The five vulnerabilities are tracked as CVE-2022-24415, CVE-2022-24416, CVE-2022-24419, CVE-2022-24420, and CVE-2022-24421. These high-severity vulnerabilities are rated 8.2 out of 10 on the CVSS scoring system.

According to Binarly, a firmware security firm, “The active exploitation of all the discovered vulnerabilities can’t be detected by firmware integrity monitoring systems due to limitations of the Trusted Platform Module (TPM) measurement. The remote device health attestation solutions will not detect the affected systems due to the design limitations invisibility of the firmware runtime.”

The flaws are related to improper input validation which affects the System Management Mode (SMM) of the firmware. This allows bad actors to local authenticate and leverage the system management interrupt (SMI) to achieve arbitrary code execution.

The affected System Management Mode is a special-purpose CPU mode in x86 microcontrollers designed to handle system-wide functions such as power management, system hardware control, thermal monitoring, and other proprietary manufacturer-developed code.

A nonmaskable interrupt(SMI) is invoked at runtime every time one of these operations is requested. It executes the SMM code installed by the BIOS if the SMM code executes at the highest privilege level and is invisible to the underlying operating system. This way it makes it ripe for abuse to deploy persistent firmware implants.

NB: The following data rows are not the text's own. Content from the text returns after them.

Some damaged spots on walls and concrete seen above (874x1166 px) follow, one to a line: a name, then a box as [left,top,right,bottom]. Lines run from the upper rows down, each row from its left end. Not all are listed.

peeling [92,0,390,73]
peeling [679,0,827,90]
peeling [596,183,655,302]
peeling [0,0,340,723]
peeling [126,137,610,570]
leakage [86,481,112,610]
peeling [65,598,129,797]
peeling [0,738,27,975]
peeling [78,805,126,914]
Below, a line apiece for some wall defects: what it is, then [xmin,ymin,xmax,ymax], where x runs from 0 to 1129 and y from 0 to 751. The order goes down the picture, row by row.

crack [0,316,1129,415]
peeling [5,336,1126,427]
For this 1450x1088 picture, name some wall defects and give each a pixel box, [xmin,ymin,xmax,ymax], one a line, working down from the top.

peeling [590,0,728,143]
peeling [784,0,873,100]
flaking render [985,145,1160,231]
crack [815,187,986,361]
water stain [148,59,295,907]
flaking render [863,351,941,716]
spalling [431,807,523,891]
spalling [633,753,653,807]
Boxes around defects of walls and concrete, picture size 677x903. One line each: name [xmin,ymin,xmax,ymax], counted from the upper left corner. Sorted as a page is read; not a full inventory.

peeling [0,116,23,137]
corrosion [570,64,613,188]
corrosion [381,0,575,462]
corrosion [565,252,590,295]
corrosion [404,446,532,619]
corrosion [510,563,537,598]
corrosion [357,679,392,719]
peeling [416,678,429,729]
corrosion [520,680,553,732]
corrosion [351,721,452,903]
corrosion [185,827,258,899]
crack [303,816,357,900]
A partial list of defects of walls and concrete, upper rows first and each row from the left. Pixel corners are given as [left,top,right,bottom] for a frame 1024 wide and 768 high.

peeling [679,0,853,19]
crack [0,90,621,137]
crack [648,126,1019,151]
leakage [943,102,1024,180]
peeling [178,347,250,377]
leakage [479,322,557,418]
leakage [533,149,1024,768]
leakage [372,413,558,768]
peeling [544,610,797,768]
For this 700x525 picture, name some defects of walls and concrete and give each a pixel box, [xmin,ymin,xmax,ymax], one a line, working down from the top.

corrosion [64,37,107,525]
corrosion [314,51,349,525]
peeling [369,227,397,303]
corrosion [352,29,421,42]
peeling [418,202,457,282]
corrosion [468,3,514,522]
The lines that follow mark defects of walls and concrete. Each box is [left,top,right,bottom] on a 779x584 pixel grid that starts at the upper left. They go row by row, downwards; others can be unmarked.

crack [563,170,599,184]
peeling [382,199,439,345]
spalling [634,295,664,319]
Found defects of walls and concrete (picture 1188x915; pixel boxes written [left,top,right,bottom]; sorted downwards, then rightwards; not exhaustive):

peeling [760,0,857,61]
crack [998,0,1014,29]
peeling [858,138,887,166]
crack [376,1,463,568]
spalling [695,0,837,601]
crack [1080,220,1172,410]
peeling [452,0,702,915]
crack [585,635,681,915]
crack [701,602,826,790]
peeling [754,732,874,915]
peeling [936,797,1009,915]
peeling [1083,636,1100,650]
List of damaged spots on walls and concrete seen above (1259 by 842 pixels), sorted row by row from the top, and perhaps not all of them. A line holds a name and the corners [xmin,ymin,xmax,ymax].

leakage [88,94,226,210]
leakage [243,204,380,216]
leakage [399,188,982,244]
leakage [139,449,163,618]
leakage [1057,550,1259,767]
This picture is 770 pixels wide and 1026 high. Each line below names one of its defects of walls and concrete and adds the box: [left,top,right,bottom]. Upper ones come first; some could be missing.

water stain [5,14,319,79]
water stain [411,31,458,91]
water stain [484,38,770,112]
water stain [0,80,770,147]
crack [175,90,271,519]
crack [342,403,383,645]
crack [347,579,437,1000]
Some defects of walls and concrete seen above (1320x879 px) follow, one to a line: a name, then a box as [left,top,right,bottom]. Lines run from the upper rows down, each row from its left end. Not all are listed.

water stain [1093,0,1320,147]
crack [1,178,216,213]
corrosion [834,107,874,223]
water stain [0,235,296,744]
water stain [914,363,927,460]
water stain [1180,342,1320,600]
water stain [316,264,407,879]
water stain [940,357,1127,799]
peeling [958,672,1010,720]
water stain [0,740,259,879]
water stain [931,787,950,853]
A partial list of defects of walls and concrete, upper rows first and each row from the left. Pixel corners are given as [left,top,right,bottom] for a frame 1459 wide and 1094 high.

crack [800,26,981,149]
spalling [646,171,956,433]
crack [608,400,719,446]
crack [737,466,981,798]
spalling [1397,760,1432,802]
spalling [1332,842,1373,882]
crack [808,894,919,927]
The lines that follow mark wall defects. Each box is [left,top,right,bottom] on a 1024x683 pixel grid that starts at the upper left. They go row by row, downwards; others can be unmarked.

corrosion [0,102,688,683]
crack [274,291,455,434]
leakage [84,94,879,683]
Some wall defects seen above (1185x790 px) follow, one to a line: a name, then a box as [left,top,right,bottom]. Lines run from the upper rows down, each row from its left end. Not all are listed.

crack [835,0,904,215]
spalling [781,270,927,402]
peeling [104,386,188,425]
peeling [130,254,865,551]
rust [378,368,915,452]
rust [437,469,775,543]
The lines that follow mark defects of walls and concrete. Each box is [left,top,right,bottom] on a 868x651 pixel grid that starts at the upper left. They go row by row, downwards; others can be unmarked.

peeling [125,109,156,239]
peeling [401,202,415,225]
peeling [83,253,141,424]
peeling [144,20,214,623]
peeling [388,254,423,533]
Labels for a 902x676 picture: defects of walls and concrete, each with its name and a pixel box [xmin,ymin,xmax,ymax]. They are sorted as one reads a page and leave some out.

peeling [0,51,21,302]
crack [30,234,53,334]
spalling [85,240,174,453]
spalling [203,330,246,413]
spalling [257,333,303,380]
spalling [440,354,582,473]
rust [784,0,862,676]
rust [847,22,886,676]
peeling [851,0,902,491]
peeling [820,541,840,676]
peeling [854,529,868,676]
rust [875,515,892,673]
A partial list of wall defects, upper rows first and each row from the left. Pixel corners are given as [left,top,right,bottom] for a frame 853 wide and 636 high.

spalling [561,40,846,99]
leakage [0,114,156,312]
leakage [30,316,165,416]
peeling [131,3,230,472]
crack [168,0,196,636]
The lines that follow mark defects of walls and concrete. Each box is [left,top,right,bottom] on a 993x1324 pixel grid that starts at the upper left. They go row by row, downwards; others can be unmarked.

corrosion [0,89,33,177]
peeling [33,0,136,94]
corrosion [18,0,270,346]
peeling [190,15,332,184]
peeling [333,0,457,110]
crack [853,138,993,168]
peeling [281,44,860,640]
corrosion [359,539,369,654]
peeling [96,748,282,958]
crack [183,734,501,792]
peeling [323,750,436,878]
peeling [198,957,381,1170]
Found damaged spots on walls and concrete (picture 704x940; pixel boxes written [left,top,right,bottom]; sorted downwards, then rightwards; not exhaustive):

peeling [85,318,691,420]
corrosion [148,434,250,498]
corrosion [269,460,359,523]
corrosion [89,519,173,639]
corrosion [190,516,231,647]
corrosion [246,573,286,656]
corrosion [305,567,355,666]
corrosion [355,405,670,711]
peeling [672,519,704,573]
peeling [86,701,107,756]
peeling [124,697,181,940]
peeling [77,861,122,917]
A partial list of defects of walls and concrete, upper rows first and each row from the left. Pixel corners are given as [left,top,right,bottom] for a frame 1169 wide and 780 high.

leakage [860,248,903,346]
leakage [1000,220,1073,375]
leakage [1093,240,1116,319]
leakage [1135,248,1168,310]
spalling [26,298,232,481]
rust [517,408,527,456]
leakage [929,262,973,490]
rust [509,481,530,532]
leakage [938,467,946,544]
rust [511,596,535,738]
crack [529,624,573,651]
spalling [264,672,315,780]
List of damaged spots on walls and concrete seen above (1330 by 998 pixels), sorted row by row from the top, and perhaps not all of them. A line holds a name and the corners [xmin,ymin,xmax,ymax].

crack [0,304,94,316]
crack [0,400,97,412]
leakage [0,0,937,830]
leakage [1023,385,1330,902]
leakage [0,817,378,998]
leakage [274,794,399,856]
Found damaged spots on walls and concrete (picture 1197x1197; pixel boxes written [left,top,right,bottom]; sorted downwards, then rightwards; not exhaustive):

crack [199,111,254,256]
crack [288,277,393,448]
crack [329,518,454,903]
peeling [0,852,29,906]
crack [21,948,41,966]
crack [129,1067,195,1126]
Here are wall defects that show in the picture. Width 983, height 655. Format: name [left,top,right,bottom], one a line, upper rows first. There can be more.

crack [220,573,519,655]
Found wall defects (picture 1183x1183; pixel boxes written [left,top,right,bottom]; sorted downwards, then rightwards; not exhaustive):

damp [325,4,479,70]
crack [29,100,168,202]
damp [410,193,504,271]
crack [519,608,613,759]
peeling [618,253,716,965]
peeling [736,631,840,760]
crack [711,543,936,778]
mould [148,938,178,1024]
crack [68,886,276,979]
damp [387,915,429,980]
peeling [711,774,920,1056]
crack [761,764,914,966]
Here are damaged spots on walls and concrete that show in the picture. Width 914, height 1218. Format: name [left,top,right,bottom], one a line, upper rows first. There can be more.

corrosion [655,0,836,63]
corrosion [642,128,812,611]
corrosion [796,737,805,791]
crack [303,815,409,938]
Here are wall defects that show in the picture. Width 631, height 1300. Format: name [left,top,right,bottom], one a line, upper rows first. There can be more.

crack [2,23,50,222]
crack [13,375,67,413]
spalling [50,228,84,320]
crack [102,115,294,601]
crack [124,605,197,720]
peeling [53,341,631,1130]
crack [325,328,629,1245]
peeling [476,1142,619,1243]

Dell has also recommended its users to upgrade their BIOS at the “earliest opportunity“, as many of its products including Alienware, Inspiron, Vostro line-ups, and Edge Gateway 3000 Series, are impacted. 

Binarly researchers said, “The ongoing discovery of these vulnerabilities demonstrate what we describe as ‘repeatable failures’ around the lack of input sanitation or, in general, insecure coding practices.”

Further, they added, “These failures are a direct consequence of the complexity of the codebase or support for legacy components that get less security attention, but are still widely deployed in the field. In many cases, the same vulnerability can be fixed over multiple iterations, and still, the complexity of the attack surface leaves open gaps for malicious exploitation.”